Extracted entries.

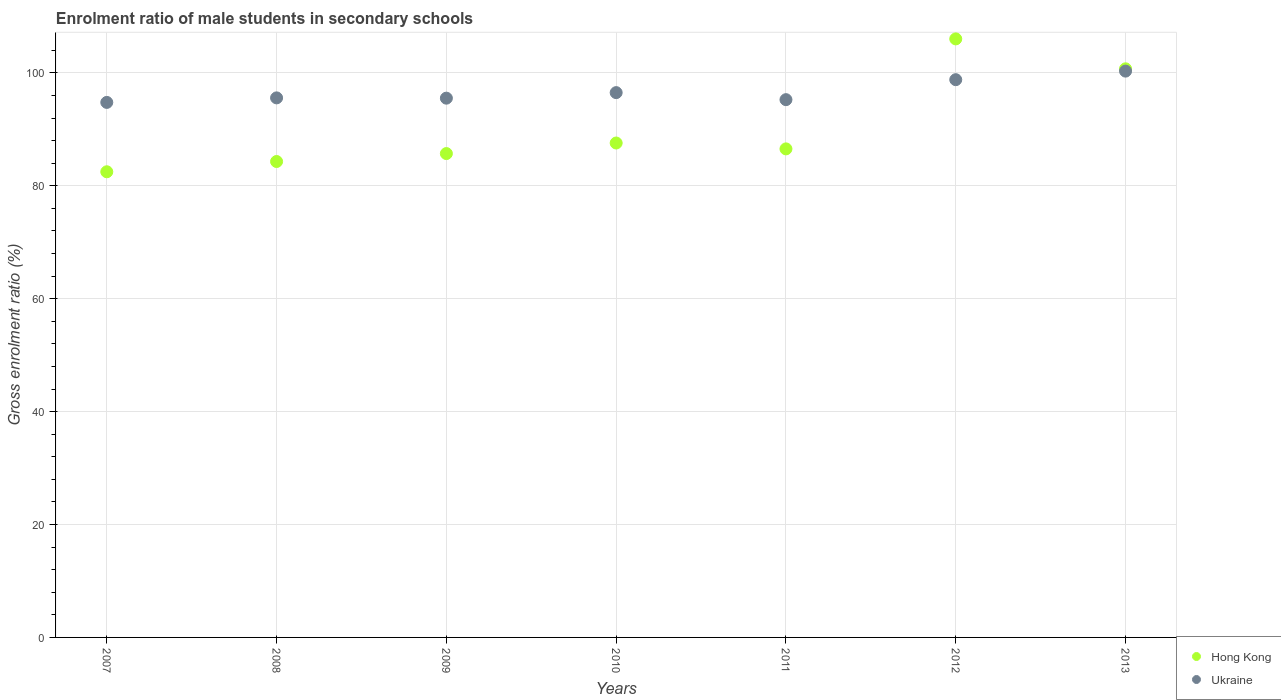Is the number of dotlines equal to the number of legend labels?
Provide a succinct answer. Yes. What is the enrolment ratio of male students in secondary schools in Hong Kong in 2007?
Keep it short and to the point. 82.49. Across all years, what is the maximum enrolment ratio of male students in secondary schools in Hong Kong?
Offer a terse response. 106.03. Across all years, what is the minimum enrolment ratio of male students in secondary schools in Hong Kong?
Give a very brief answer. 82.49. In which year was the enrolment ratio of male students in secondary schools in Hong Kong minimum?
Give a very brief answer. 2007. What is the total enrolment ratio of male students in secondary schools in Ukraine in the graph?
Provide a short and direct response. 676.79. What is the difference between the enrolment ratio of male students in secondary schools in Ukraine in 2010 and that in 2013?
Your answer should be compact. -3.81. What is the difference between the enrolment ratio of male students in secondary schools in Ukraine in 2008 and the enrolment ratio of male students in secondary schools in Hong Kong in 2010?
Give a very brief answer. 8. What is the average enrolment ratio of male students in secondary schools in Ukraine per year?
Give a very brief answer. 96.68. In the year 2010, what is the difference between the enrolment ratio of male students in secondary schools in Ukraine and enrolment ratio of male students in secondary schools in Hong Kong?
Offer a terse response. 8.93. What is the ratio of the enrolment ratio of male students in secondary schools in Hong Kong in 2009 to that in 2012?
Give a very brief answer. 0.81. Is the difference between the enrolment ratio of male students in secondary schools in Ukraine in 2008 and 2010 greater than the difference between the enrolment ratio of male students in secondary schools in Hong Kong in 2008 and 2010?
Your answer should be very brief. Yes. What is the difference between the highest and the second highest enrolment ratio of male students in secondary schools in Hong Kong?
Provide a succinct answer. 5.3. What is the difference between the highest and the lowest enrolment ratio of male students in secondary schools in Hong Kong?
Your answer should be very brief. 23.54. In how many years, is the enrolment ratio of male students in secondary schools in Hong Kong greater than the average enrolment ratio of male students in secondary schools in Hong Kong taken over all years?
Provide a short and direct response. 2. Does the enrolment ratio of male students in secondary schools in Ukraine monotonically increase over the years?
Ensure brevity in your answer.  No. Is the enrolment ratio of male students in secondary schools in Hong Kong strictly greater than the enrolment ratio of male students in secondary schools in Ukraine over the years?
Ensure brevity in your answer.  No. How many years are there in the graph?
Provide a succinct answer. 7. Does the graph contain any zero values?
Your answer should be compact. No. How are the legend labels stacked?
Give a very brief answer. Vertical. What is the title of the graph?
Give a very brief answer. Enrolment ratio of male students in secondary schools. Does "Least developed countries" appear as one of the legend labels in the graph?
Make the answer very short. No. What is the label or title of the X-axis?
Offer a terse response. Years. What is the label or title of the Y-axis?
Give a very brief answer. Gross enrolment ratio (%). What is the Gross enrolment ratio (%) in Hong Kong in 2007?
Give a very brief answer. 82.49. What is the Gross enrolment ratio (%) of Ukraine in 2007?
Provide a short and direct response. 94.78. What is the Gross enrolment ratio (%) in Hong Kong in 2008?
Offer a terse response. 84.31. What is the Gross enrolment ratio (%) of Ukraine in 2008?
Your answer should be compact. 95.58. What is the Gross enrolment ratio (%) of Hong Kong in 2009?
Make the answer very short. 85.72. What is the Gross enrolment ratio (%) of Ukraine in 2009?
Make the answer very short. 95.53. What is the Gross enrolment ratio (%) of Hong Kong in 2010?
Offer a terse response. 87.59. What is the Gross enrolment ratio (%) in Ukraine in 2010?
Offer a very short reply. 96.51. What is the Gross enrolment ratio (%) in Hong Kong in 2011?
Provide a short and direct response. 86.54. What is the Gross enrolment ratio (%) of Ukraine in 2011?
Provide a succinct answer. 95.26. What is the Gross enrolment ratio (%) of Hong Kong in 2012?
Your answer should be compact. 106.03. What is the Gross enrolment ratio (%) in Ukraine in 2012?
Provide a short and direct response. 98.8. What is the Gross enrolment ratio (%) in Hong Kong in 2013?
Ensure brevity in your answer.  100.73. What is the Gross enrolment ratio (%) of Ukraine in 2013?
Give a very brief answer. 100.32. Across all years, what is the maximum Gross enrolment ratio (%) in Hong Kong?
Provide a short and direct response. 106.03. Across all years, what is the maximum Gross enrolment ratio (%) in Ukraine?
Ensure brevity in your answer.  100.32. Across all years, what is the minimum Gross enrolment ratio (%) of Hong Kong?
Provide a succinct answer. 82.49. Across all years, what is the minimum Gross enrolment ratio (%) of Ukraine?
Your response must be concise. 94.78. What is the total Gross enrolment ratio (%) in Hong Kong in the graph?
Ensure brevity in your answer.  633.4. What is the total Gross enrolment ratio (%) in Ukraine in the graph?
Provide a succinct answer. 676.79. What is the difference between the Gross enrolment ratio (%) in Hong Kong in 2007 and that in 2008?
Give a very brief answer. -1.82. What is the difference between the Gross enrolment ratio (%) of Ukraine in 2007 and that in 2008?
Keep it short and to the point. -0.8. What is the difference between the Gross enrolment ratio (%) of Hong Kong in 2007 and that in 2009?
Ensure brevity in your answer.  -3.23. What is the difference between the Gross enrolment ratio (%) in Ukraine in 2007 and that in 2009?
Your answer should be very brief. -0.75. What is the difference between the Gross enrolment ratio (%) in Hong Kong in 2007 and that in 2010?
Give a very brief answer. -5.1. What is the difference between the Gross enrolment ratio (%) in Ukraine in 2007 and that in 2010?
Make the answer very short. -1.73. What is the difference between the Gross enrolment ratio (%) in Hong Kong in 2007 and that in 2011?
Keep it short and to the point. -4.05. What is the difference between the Gross enrolment ratio (%) in Ukraine in 2007 and that in 2011?
Make the answer very short. -0.49. What is the difference between the Gross enrolment ratio (%) in Hong Kong in 2007 and that in 2012?
Give a very brief answer. -23.54. What is the difference between the Gross enrolment ratio (%) of Ukraine in 2007 and that in 2012?
Offer a very short reply. -4.03. What is the difference between the Gross enrolment ratio (%) of Hong Kong in 2007 and that in 2013?
Your answer should be very brief. -18.24. What is the difference between the Gross enrolment ratio (%) of Ukraine in 2007 and that in 2013?
Your answer should be very brief. -5.54. What is the difference between the Gross enrolment ratio (%) of Hong Kong in 2008 and that in 2009?
Provide a short and direct response. -1.41. What is the difference between the Gross enrolment ratio (%) in Ukraine in 2008 and that in 2009?
Provide a succinct answer. 0.05. What is the difference between the Gross enrolment ratio (%) of Hong Kong in 2008 and that in 2010?
Give a very brief answer. -3.28. What is the difference between the Gross enrolment ratio (%) of Ukraine in 2008 and that in 2010?
Offer a very short reply. -0.93. What is the difference between the Gross enrolment ratio (%) of Hong Kong in 2008 and that in 2011?
Your answer should be very brief. -2.24. What is the difference between the Gross enrolment ratio (%) in Ukraine in 2008 and that in 2011?
Your answer should be compact. 0.32. What is the difference between the Gross enrolment ratio (%) in Hong Kong in 2008 and that in 2012?
Provide a succinct answer. -21.72. What is the difference between the Gross enrolment ratio (%) of Ukraine in 2008 and that in 2012?
Your response must be concise. -3.22. What is the difference between the Gross enrolment ratio (%) of Hong Kong in 2008 and that in 2013?
Make the answer very short. -16.42. What is the difference between the Gross enrolment ratio (%) of Ukraine in 2008 and that in 2013?
Provide a short and direct response. -4.74. What is the difference between the Gross enrolment ratio (%) in Hong Kong in 2009 and that in 2010?
Give a very brief answer. -1.87. What is the difference between the Gross enrolment ratio (%) of Ukraine in 2009 and that in 2010?
Your answer should be compact. -0.98. What is the difference between the Gross enrolment ratio (%) of Hong Kong in 2009 and that in 2011?
Make the answer very short. -0.83. What is the difference between the Gross enrolment ratio (%) in Ukraine in 2009 and that in 2011?
Your answer should be very brief. 0.26. What is the difference between the Gross enrolment ratio (%) in Hong Kong in 2009 and that in 2012?
Offer a very short reply. -20.31. What is the difference between the Gross enrolment ratio (%) of Ukraine in 2009 and that in 2012?
Your answer should be very brief. -3.28. What is the difference between the Gross enrolment ratio (%) of Hong Kong in 2009 and that in 2013?
Make the answer very short. -15.01. What is the difference between the Gross enrolment ratio (%) in Ukraine in 2009 and that in 2013?
Your response must be concise. -4.79. What is the difference between the Gross enrolment ratio (%) in Hong Kong in 2010 and that in 2011?
Give a very brief answer. 1.04. What is the difference between the Gross enrolment ratio (%) in Ukraine in 2010 and that in 2011?
Offer a terse response. 1.25. What is the difference between the Gross enrolment ratio (%) of Hong Kong in 2010 and that in 2012?
Give a very brief answer. -18.44. What is the difference between the Gross enrolment ratio (%) in Ukraine in 2010 and that in 2012?
Give a very brief answer. -2.29. What is the difference between the Gross enrolment ratio (%) in Hong Kong in 2010 and that in 2013?
Offer a terse response. -13.14. What is the difference between the Gross enrolment ratio (%) in Ukraine in 2010 and that in 2013?
Your answer should be very brief. -3.81. What is the difference between the Gross enrolment ratio (%) of Hong Kong in 2011 and that in 2012?
Your answer should be very brief. -19.49. What is the difference between the Gross enrolment ratio (%) of Ukraine in 2011 and that in 2012?
Give a very brief answer. -3.54. What is the difference between the Gross enrolment ratio (%) in Hong Kong in 2011 and that in 2013?
Keep it short and to the point. -14.18. What is the difference between the Gross enrolment ratio (%) in Ukraine in 2011 and that in 2013?
Your answer should be compact. -5.06. What is the difference between the Gross enrolment ratio (%) of Hong Kong in 2012 and that in 2013?
Your answer should be very brief. 5.3. What is the difference between the Gross enrolment ratio (%) of Ukraine in 2012 and that in 2013?
Ensure brevity in your answer.  -1.52. What is the difference between the Gross enrolment ratio (%) in Hong Kong in 2007 and the Gross enrolment ratio (%) in Ukraine in 2008?
Offer a very short reply. -13.09. What is the difference between the Gross enrolment ratio (%) in Hong Kong in 2007 and the Gross enrolment ratio (%) in Ukraine in 2009?
Offer a very short reply. -13.04. What is the difference between the Gross enrolment ratio (%) in Hong Kong in 2007 and the Gross enrolment ratio (%) in Ukraine in 2010?
Ensure brevity in your answer.  -14.02. What is the difference between the Gross enrolment ratio (%) in Hong Kong in 2007 and the Gross enrolment ratio (%) in Ukraine in 2011?
Provide a succinct answer. -12.77. What is the difference between the Gross enrolment ratio (%) of Hong Kong in 2007 and the Gross enrolment ratio (%) of Ukraine in 2012?
Offer a terse response. -16.31. What is the difference between the Gross enrolment ratio (%) in Hong Kong in 2007 and the Gross enrolment ratio (%) in Ukraine in 2013?
Keep it short and to the point. -17.83. What is the difference between the Gross enrolment ratio (%) of Hong Kong in 2008 and the Gross enrolment ratio (%) of Ukraine in 2009?
Offer a very short reply. -11.22. What is the difference between the Gross enrolment ratio (%) in Hong Kong in 2008 and the Gross enrolment ratio (%) in Ukraine in 2010?
Your answer should be compact. -12.2. What is the difference between the Gross enrolment ratio (%) of Hong Kong in 2008 and the Gross enrolment ratio (%) of Ukraine in 2011?
Keep it short and to the point. -10.96. What is the difference between the Gross enrolment ratio (%) of Hong Kong in 2008 and the Gross enrolment ratio (%) of Ukraine in 2012?
Provide a succinct answer. -14.5. What is the difference between the Gross enrolment ratio (%) in Hong Kong in 2008 and the Gross enrolment ratio (%) in Ukraine in 2013?
Your answer should be compact. -16.01. What is the difference between the Gross enrolment ratio (%) of Hong Kong in 2009 and the Gross enrolment ratio (%) of Ukraine in 2010?
Provide a short and direct response. -10.8. What is the difference between the Gross enrolment ratio (%) in Hong Kong in 2009 and the Gross enrolment ratio (%) in Ukraine in 2011?
Provide a succinct answer. -9.55. What is the difference between the Gross enrolment ratio (%) in Hong Kong in 2009 and the Gross enrolment ratio (%) in Ukraine in 2012?
Your answer should be very brief. -13.09. What is the difference between the Gross enrolment ratio (%) of Hong Kong in 2009 and the Gross enrolment ratio (%) of Ukraine in 2013?
Provide a succinct answer. -14.6. What is the difference between the Gross enrolment ratio (%) in Hong Kong in 2010 and the Gross enrolment ratio (%) in Ukraine in 2011?
Make the answer very short. -7.68. What is the difference between the Gross enrolment ratio (%) of Hong Kong in 2010 and the Gross enrolment ratio (%) of Ukraine in 2012?
Provide a succinct answer. -11.22. What is the difference between the Gross enrolment ratio (%) of Hong Kong in 2010 and the Gross enrolment ratio (%) of Ukraine in 2013?
Your response must be concise. -12.73. What is the difference between the Gross enrolment ratio (%) of Hong Kong in 2011 and the Gross enrolment ratio (%) of Ukraine in 2012?
Provide a succinct answer. -12.26. What is the difference between the Gross enrolment ratio (%) of Hong Kong in 2011 and the Gross enrolment ratio (%) of Ukraine in 2013?
Ensure brevity in your answer.  -13.78. What is the difference between the Gross enrolment ratio (%) in Hong Kong in 2012 and the Gross enrolment ratio (%) in Ukraine in 2013?
Offer a terse response. 5.71. What is the average Gross enrolment ratio (%) in Hong Kong per year?
Offer a terse response. 90.49. What is the average Gross enrolment ratio (%) in Ukraine per year?
Offer a very short reply. 96.68. In the year 2007, what is the difference between the Gross enrolment ratio (%) in Hong Kong and Gross enrolment ratio (%) in Ukraine?
Make the answer very short. -12.29. In the year 2008, what is the difference between the Gross enrolment ratio (%) of Hong Kong and Gross enrolment ratio (%) of Ukraine?
Give a very brief answer. -11.27. In the year 2009, what is the difference between the Gross enrolment ratio (%) in Hong Kong and Gross enrolment ratio (%) in Ukraine?
Provide a short and direct response. -9.81. In the year 2010, what is the difference between the Gross enrolment ratio (%) in Hong Kong and Gross enrolment ratio (%) in Ukraine?
Offer a very short reply. -8.93. In the year 2011, what is the difference between the Gross enrolment ratio (%) in Hong Kong and Gross enrolment ratio (%) in Ukraine?
Provide a succinct answer. -8.72. In the year 2012, what is the difference between the Gross enrolment ratio (%) in Hong Kong and Gross enrolment ratio (%) in Ukraine?
Your response must be concise. 7.23. In the year 2013, what is the difference between the Gross enrolment ratio (%) of Hong Kong and Gross enrolment ratio (%) of Ukraine?
Your answer should be very brief. 0.41. What is the ratio of the Gross enrolment ratio (%) of Hong Kong in 2007 to that in 2008?
Keep it short and to the point. 0.98. What is the ratio of the Gross enrolment ratio (%) in Ukraine in 2007 to that in 2008?
Ensure brevity in your answer.  0.99. What is the ratio of the Gross enrolment ratio (%) of Hong Kong in 2007 to that in 2009?
Your answer should be compact. 0.96. What is the ratio of the Gross enrolment ratio (%) of Ukraine in 2007 to that in 2009?
Give a very brief answer. 0.99. What is the ratio of the Gross enrolment ratio (%) in Hong Kong in 2007 to that in 2010?
Your response must be concise. 0.94. What is the ratio of the Gross enrolment ratio (%) in Ukraine in 2007 to that in 2010?
Your answer should be very brief. 0.98. What is the ratio of the Gross enrolment ratio (%) in Hong Kong in 2007 to that in 2011?
Keep it short and to the point. 0.95. What is the ratio of the Gross enrolment ratio (%) in Ukraine in 2007 to that in 2011?
Offer a very short reply. 0.99. What is the ratio of the Gross enrolment ratio (%) in Hong Kong in 2007 to that in 2012?
Keep it short and to the point. 0.78. What is the ratio of the Gross enrolment ratio (%) in Ukraine in 2007 to that in 2012?
Provide a succinct answer. 0.96. What is the ratio of the Gross enrolment ratio (%) of Hong Kong in 2007 to that in 2013?
Keep it short and to the point. 0.82. What is the ratio of the Gross enrolment ratio (%) of Ukraine in 2007 to that in 2013?
Make the answer very short. 0.94. What is the ratio of the Gross enrolment ratio (%) in Hong Kong in 2008 to that in 2009?
Provide a short and direct response. 0.98. What is the ratio of the Gross enrolment ratio (%) in Ukraine in 2008 to that in 2009?
Provide a short and direct response. 1. What is the ratio of the Gross enrolment ratio (%) in Hong Kong in 2008 to that in 2010?
Your answer should be very brief. 0.96. What is the ratio of the Gross enrolment ratio (%) of Ukraine in 2008 to that in 2010?
Ensure brevity in your answer.  0.99. What is the ratio of the Gross enrolment ratio (%) of Hong Kong in 2008 to that in 2011?
Ensure brevity in your answer.  0.97. What is the ratio of the Gross enrolment ratio (%) in Ukraine in 2008 to that in 2011?
Give a very brief answer. 1. What is the ratio of the Gross enrolment ratio (%) in Hong Kong in 2008 to that in 2012?
Offer a terse response. 0.8. What is the ratio of the Gross enrolment ratio (%) of Ukraine in 2008 to that in 2012?
Offer a very short reply. 0.97. What is the ratio of the Gross enrolment ratio (%) of Hong Kong in 2008 to that in 2013?
Your answer should be compact. 0.84. What is the ratio of the Gross enrolment ratio (%) of Ukraine in 2008 to that in 2013?
Give a very brief answer. 0.95. What is the ratio of the Gross enrolment ratio (%) in Hong Kong in 2009 to that in 2010?
Ensure brevity in your answer.  0.98. What is the ratio of the Gross enrolment ratio (%) in Hong Kong in 2009 to that in 2012?
Provide a succinct answer. 0.81. What is the ratio of the Gross enrolment ratio (%) in Ukraine in 2009 to that in 2012?
Keep it short and to the point. 0.97. What is the ratio of the Gross enrolment ratio (%) in Hong Kong in 2009 to that in 2013?
Offer a terse response. 0.85. What is the ratio of the Gross enrolment ratio (%) of Ukraine in 2009 to that in 2013?
Offer a terse response. 0.95. What is the ratio of the Gross enrolment ratio (%) in Hong Kong in 2010 to that in 2011?
Your answer should be compact. 1.01. What is the ratio of the Gross enrolment ratio (%) in Ukraine in 2010 to that in 2011?
Offer a terse response. 1.01. What is the ratio of the Gross enrolment ratio (%) in Hong Kong in 2010 to that in 2012?
Your response must be concise. 0.83. What is the ratio of the Gross enrolment ratio (%) of Ukraine in 2010 to that in 2012?
Give a very brief answer. 0.98. What is the ratio of the Gross enrolment ratio (%) in Hong Kong in 2010 to that in 2013?
Provide a succinct answer. 0.87. What is the ratio of the Gross enrolment ratio (%) of Hong Kong in 2011 to that in 2012?
Your response must be concise. 0.82. What is the ratio of the Gross enrolment ratio (%) of Ukraine in 2011 to that in 2012?
Make the answer very short. 0.96. What is the ratio of the Gross enrolment ratio (%) of Hong Kong in 2011 to that in 2013?
Your answer should be very brief. 0.86. What is the ratio of the Gross enrolment ratio (%) of Ukraine in 2011 to that in 2013?
Provide a short and direct response. 0.95. What is the ratio of the Gross enrolment ratio (%) in Hong Kong in 2012 to that in 2013?
Your response must be concise. 1.05. What is the ratio of the Gross enrolment ratio (%) of Ukraine in 2012 to that in 2013?
Offer a terse response. 0.98. What is the difference between the highest and the second highest Gross enrolment ratio (%) of Hong Kong?
Offer a terse response. 5.3. What is the difference between the highest and the second highest Gross enrolment ratio (%) in Ukraine?
Keep it short and to the point. 1.52. What is the difference between the highest and the lowest Gross enrolment ratio (%) in Hong Kong?
Give a very brief answer. 23.54. What is the difference between the highest and the lowest Gross enrolment ratio (%) in Ukraine?
Offer a very short reply. 5.54.

Work instructions. Retype word for word everything in the listing above from the line that holds "Keep it short and to the point. 0.98." down to the line that holds "Your answer should be very brief. 0.98.". Keep both end lines and leave out the rest.

Result of the exercise.
Keep it short and to the point. 0.98. What is the ratio of the Gross enrolment ratio (%) in Ukraine in 2007 to that in 2008?
Ensure brevity in your answer.  0.99. What is the ratio of the Gross enrolment ratio (%) of Hong Kong in 2007 to that in 2009?
Your answer should be compact. 0.96. What is the ratio of the Gross enrolment ratio (%) of Ukraine in 2007 to that in 2009?
Give a very brief answer. 0.99. What is the ratio of the Gross enrolment ratio (%) in Hong Kong in 2007 to that in 2010?
Your response must be concise. 0.94. What is the ratio of the Gross enrolment ratio (%) in Ukraine in 2007 to that in 2010?
Your answer should be very brief. 0.98. What is the ratio of the Gross enrolment ratio (%) in Hong Kong in 2007 to that in 2011?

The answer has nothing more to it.